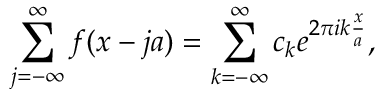<formula> <loc_0><loc_0><loc_500><loc_500>\sum _ { j = - \infty } ^ { \infty } f ( x - j a ) = \sum _ { k = - \infty } ^ { \infty } c _ { k } e ^ { 2 \pi i k \frac { x } { a } } ,</formula> 
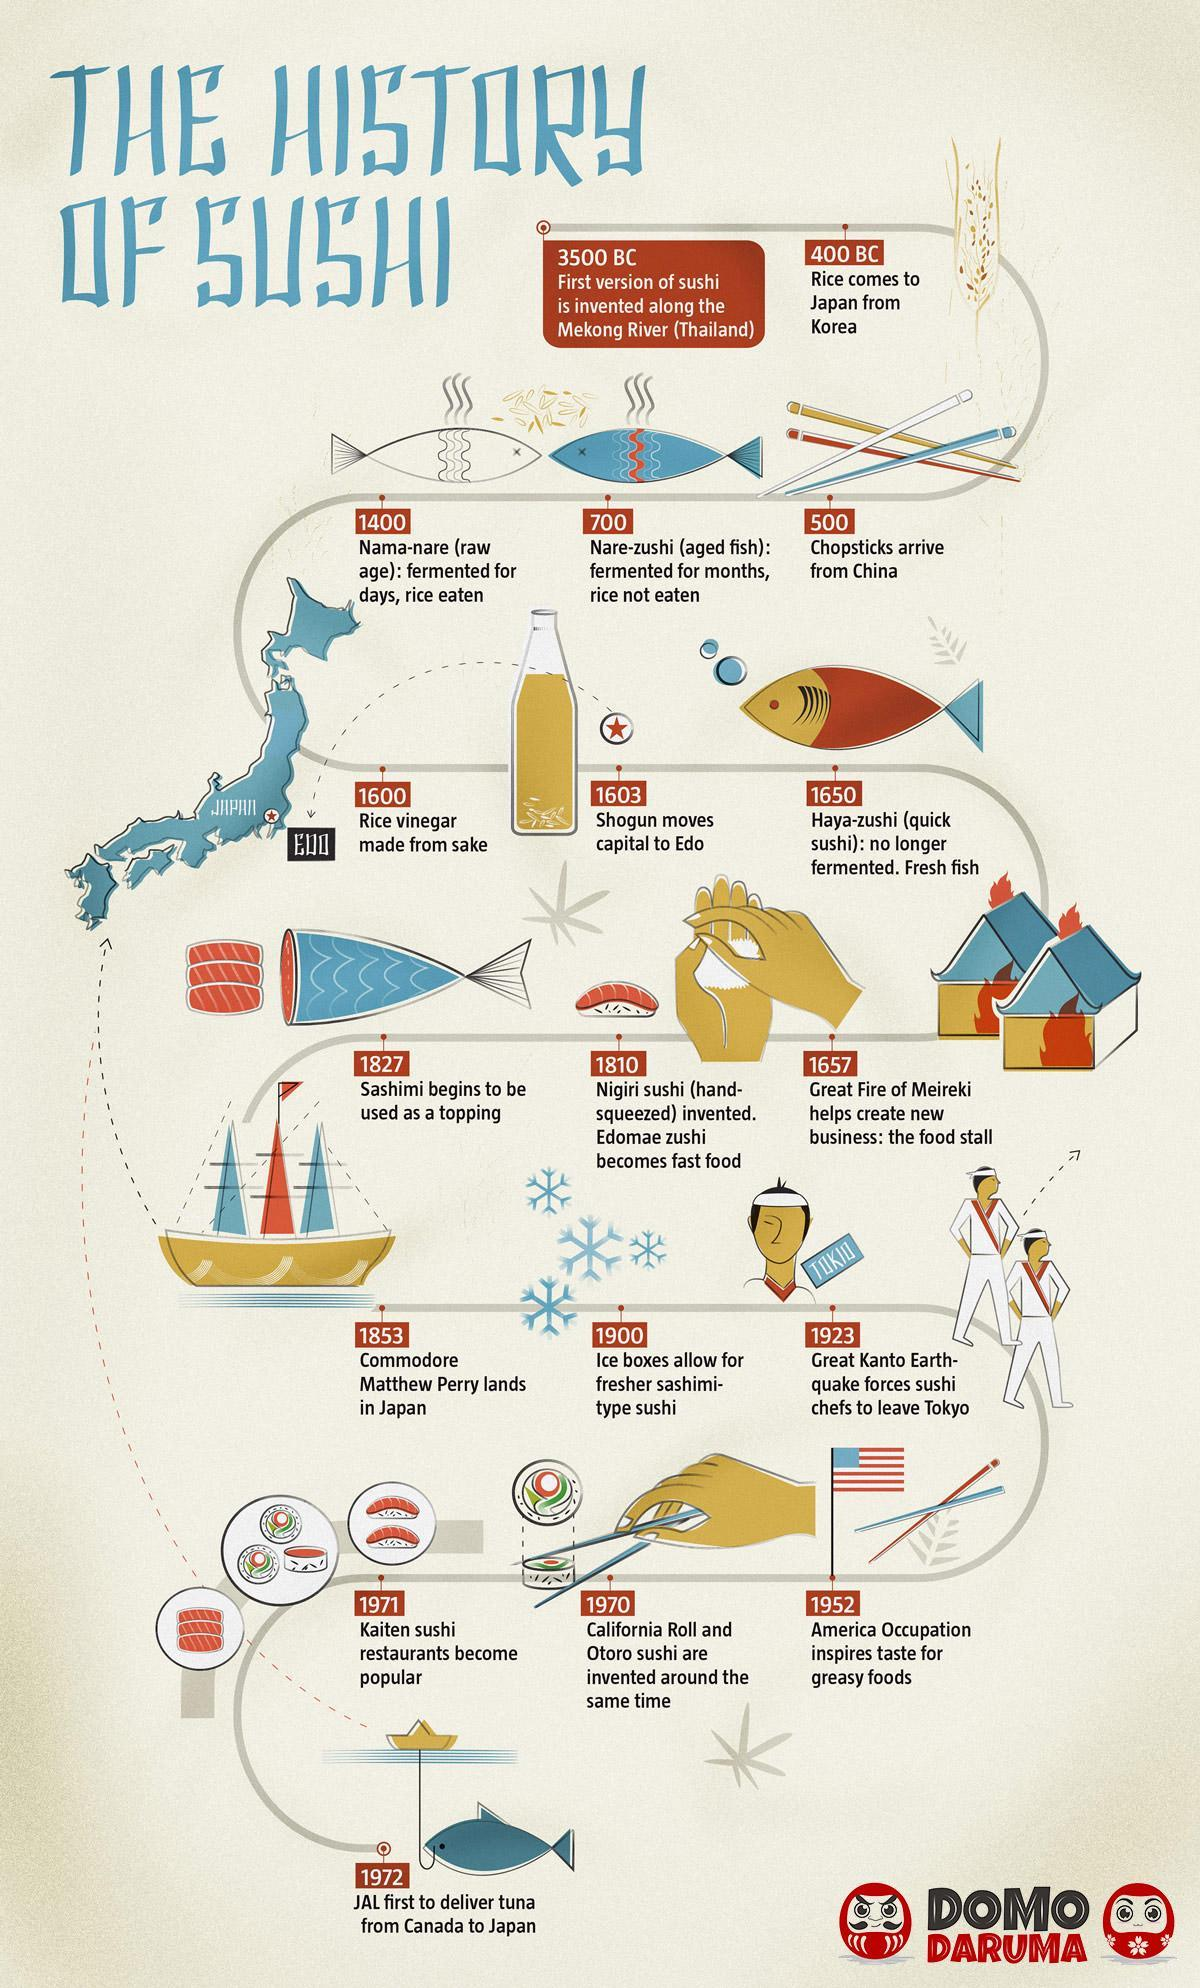From which place did rice arrive?
Answer the question with a short phrase. Korea In which year did sushi chefs leave Tokyo? 1923 In which year was chopsticks introduced in Japan? 500 In the earliest forms of sushi the fish was - fermented or fresh? fermented In which year was the food stall created? 1657 Which US naval officer arrived in Japan? Commodore Mathew Perry What helped keep sushi fresher? ice boxes By which year was fresh fish used in sushi? 1650 
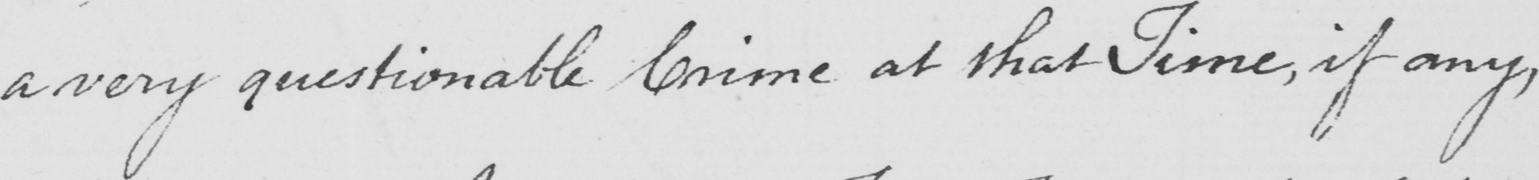Please provide the text content of this handwritten line. a very questionable Crime at that Time , if any , 
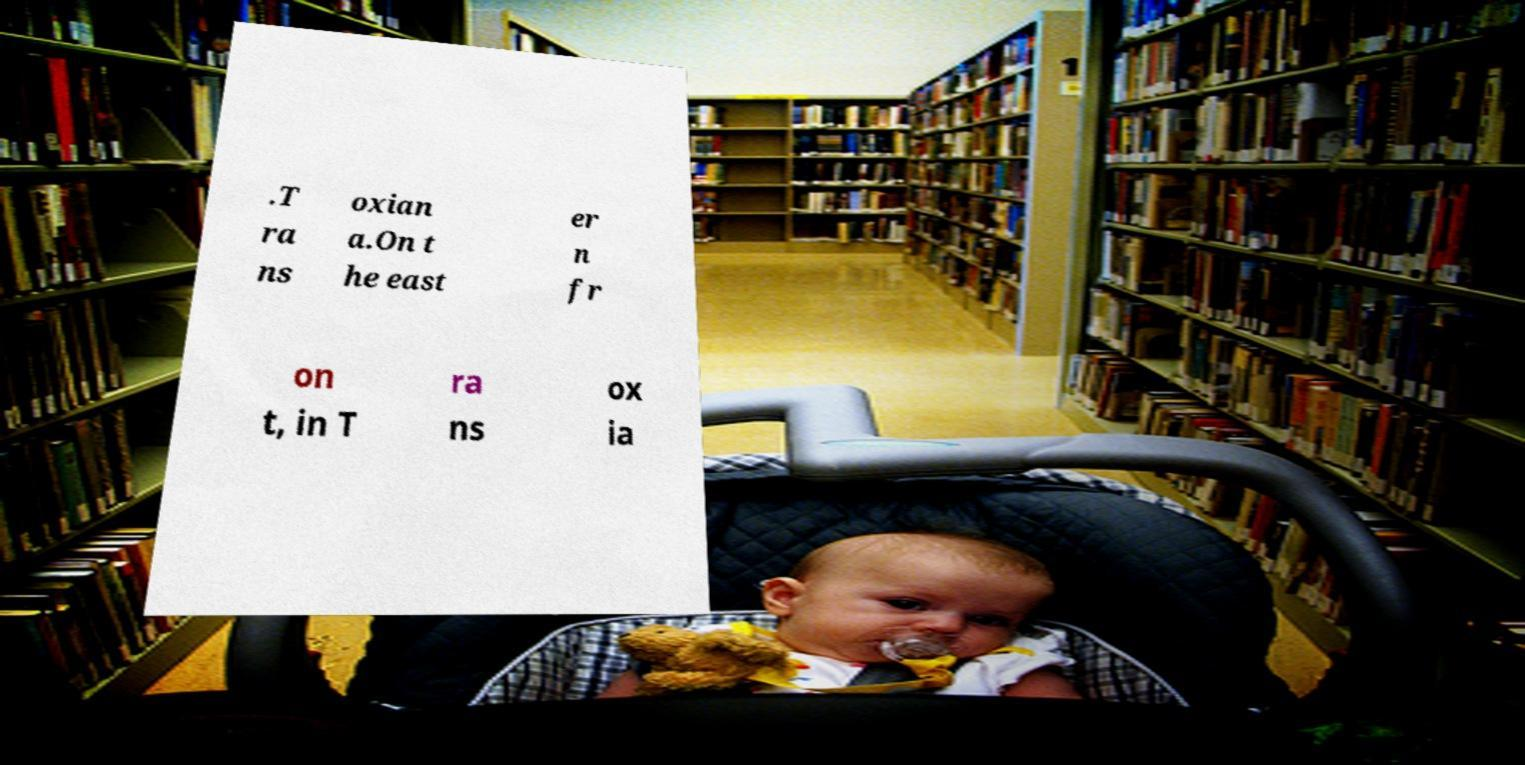For documentation purposes, I need the text within this image transcribed. Could you provide that? .T ra ns oxian a.On t he east er n fr on t, in T ra ns ox ia 
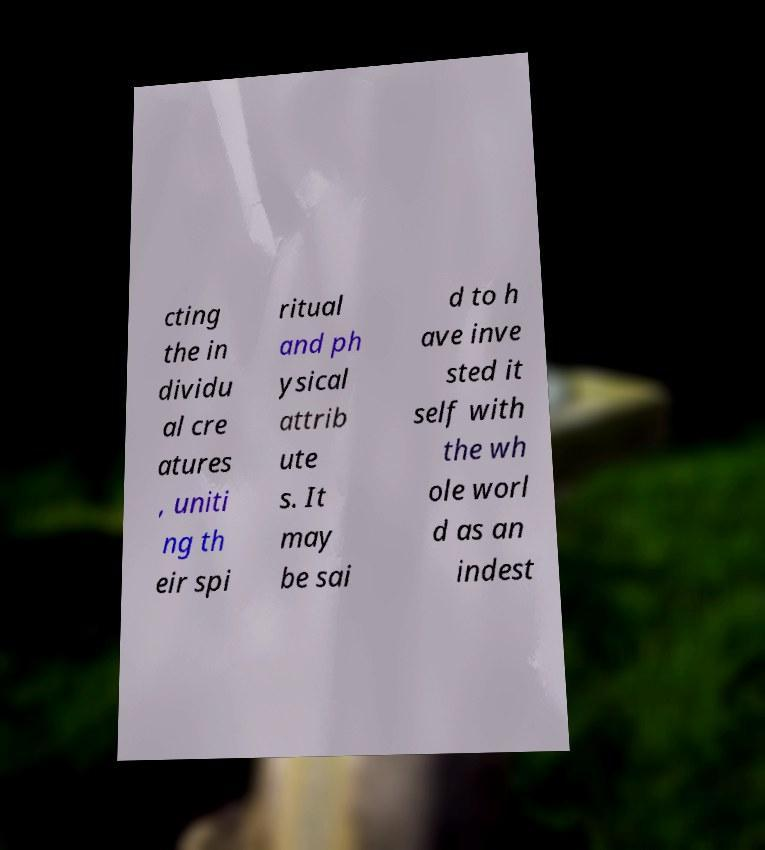Can you accurately transcribe the text from the provided image for me? cting the in dividu al cre atures , uniti ng th eir spi ritual and ph ysical attrib ute s. It may be sai d to h ave inve sted it self with the wh ole worl d as an indest 
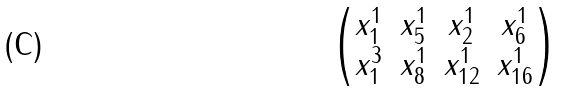Convert formula to latex. <formula><loc_0><loc_0><loc_500><loc_500>\begin{pmatrix} x _ { 1 } ^ { 1 } & x _ { 5 } ^ { 1 } & x _ { 2 } ^ { 1 } & x _ { 6 } ^ { 1 } \\ x _ { 1 } ^ { 3 } & x _ { 8 } ^ { 1 } & x _ { 1 2 } ^ { 1 } & x _ { 1 6 } ^ { 1 } \end{pmatrix}</formula> 
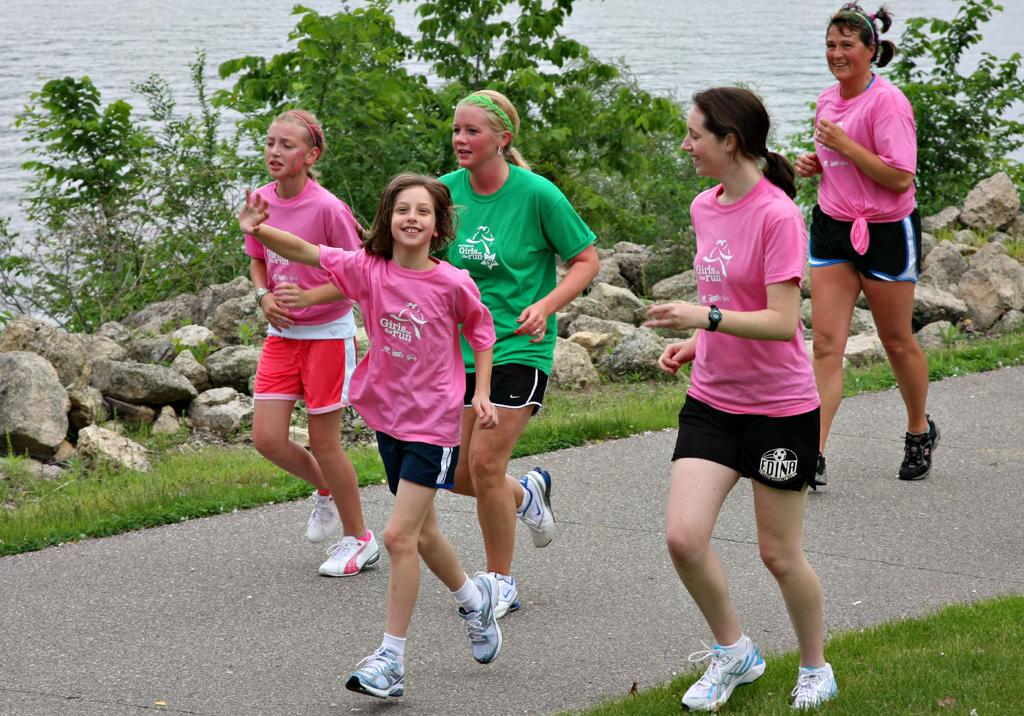What is happening in the center of the image? There are people in the center of the image, and they appear to be running. What can be seen in the background of the image? There are rocks, plants, and water visible in the background of the image. What type of mine is present in the image? There is no mine present in the image; it features people running and a background with rocks, plants, and water. 
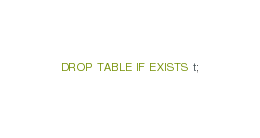Convert code to text. <code><loc_0><loc_0><loc_500><loc_500><_SQL_>DROP TABLE IF EXISTS t;
</code> 
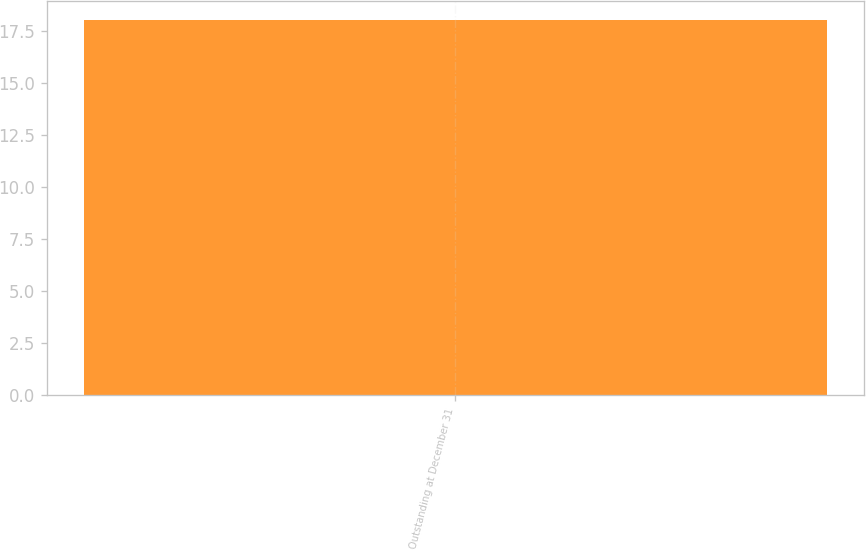Convert chart. <chart><loc_0><loc_0><loc_500><loc_500><bar_chart><fcel>Outstanding at December 31<nl><fcel>18.05<nl></chart> 
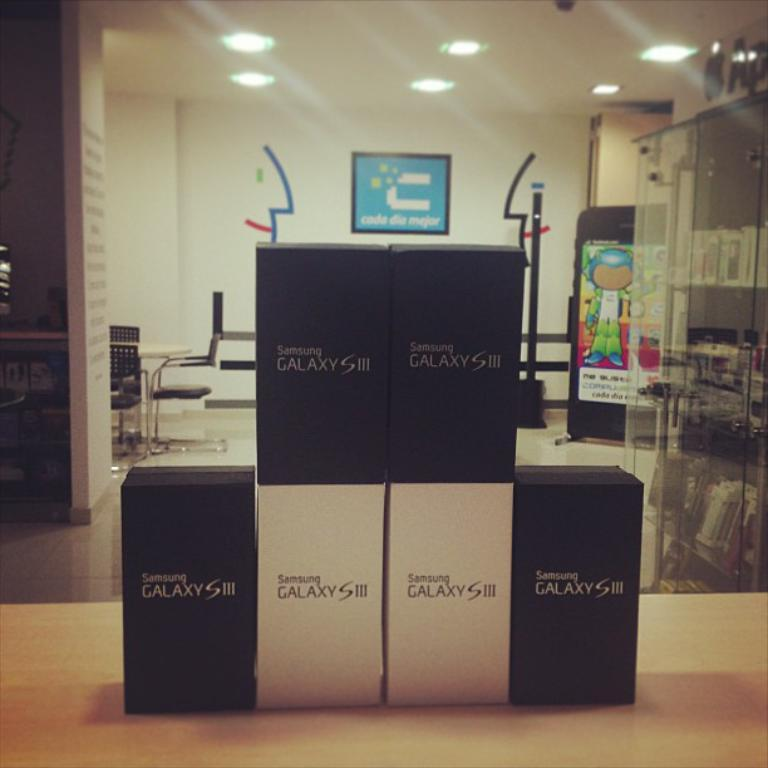<image>
Describe the image concisely. Stacked boxes with Samsung Galaxy SIII printed on the sides of them. 
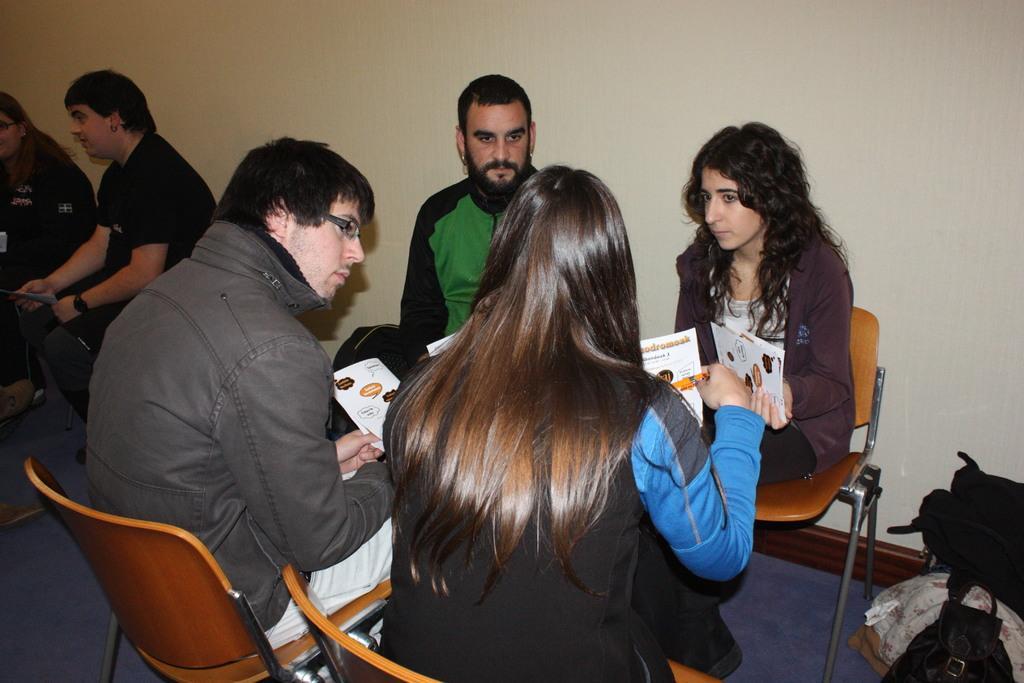Describe this image in one or two sentences. One two three four five six, there are five six people on the chair in a room. Among them, there are girls and three are boys, women woman in the on the right most is holding the book and seeing the other woman on the opposite side. Woman on the opposite side is also holding the book and she is wearing a blue and black jacket. Next to her, the man wearing spectacles is also holding the book and he is wearing grey color jacket. Opposite to him, the man wearing black and green jacket and he is also looking the man carrying holding the book. To the left most, we see women wearing spectacles. To the left of her, we see man wearing watch, and he is wearing a black color t-shirt and he is also holding book.

--------

**What the exercise asks**: Repeat all the records exactly, images excluded.

**Answer section**:
<formula> <loc_0><loc_0><loc_500><loc_500>\sum _ { j = - \infty } ^ { \infty } f ( x - j a ) = \sum _ { k = - \infty } ^ { \infty } c _ { k } e ^ { 2 \pi i k \frac { x } { a } } ,</formula> 
From which place did rice arrive?
Answer the question with a short phrase. Korea In which year did sushi chefs leave Tokyo? 1923 In which year was chopsticks introduced in Japan? 500 In the earliest forms of sushi the fish was - fermented or fresh? fermented In which year was the food stall created? 1657 Which US naval officer arrived in Japan? Commodore Mathew Perry What helped keep sushi fresher? ice boxes By which year was fresh fish used in sushi? 1650 
Please provide the text content of this handwritten line. a very questionable Crime at that Time , if any , 
For documentation purposes, I need the text within this image transcribed. Could you provide that? .T ra ns oxian a.On t he east er n fr on t, in T ra ns ox ia 
Can you accurately transcribe the text from the provided image for me? cting the in dividu al cre atures , uniti ng th eir spi ritual and ph ysical attrib ute s. It may be sai d to h ave inve sted it self with the wh ole worl d as an indest 
Convert formula to latex. <formula><loc_0><loc_0><loc_500><loc_500>\begin{pmatrix} x _ { 1 } ^ { 1 } & x _ { 5 } ^ { 1 } & x _ { 2 } ^ { 1 } & x _ { 6 } ^ { 1 } \\ x _ { 1 } ^ { 3 } & x _ { 8 } ^ { 1 } & x _ { 1 2 } ^ { 1 } & x _ { 1 6 } ^ { 1 } \end{pmatrix}</formula> 
What is happening in the center of the image? There are people in the center of the image, and they appear to be running. What can be seen in the background of the image? There are rocks, plants, and water visible in the background of the image. What type of mine is present in the image? There is no mine present in the image; it features people running and a background with rocks, plants, and water. 
Convert code to text. <code><loc_0><loc_0><loc_500><loc_500><_SQL_>DROP TABLE IF EXISTS t;
</code> 
Convert chart. <chart><loc_0><loc_0><loc_500><loc_500><bar_chart><fcel>Outstanding at December 31<nl><fcel>18.05<nl></chart> 
<image>
Describe the image concisely. Stacked boxes with Samsung Galaxy SIII printed on the sides of them. 
Describe this image in one or two sentences. One two three four five six, there are five six people on the chair in a room. Among them, there are girls and three are boys, women woman in the on the right most is holding the book and seeing the other woman on the opposite side. Woman on the opposite side is also holding the book and she is wearing a blue and black jacket. Next to her, the man wearing spectacles is also holding the book and he is wearing grey color jacket. Opposite to him, the man wearing black and green jacket and he is also looking the man carrying holding the book. To the left most, we see women wearing spectacles. To the left of her, we see man wearing watch, and he is wearing a black color t-shirt and he is also holding book.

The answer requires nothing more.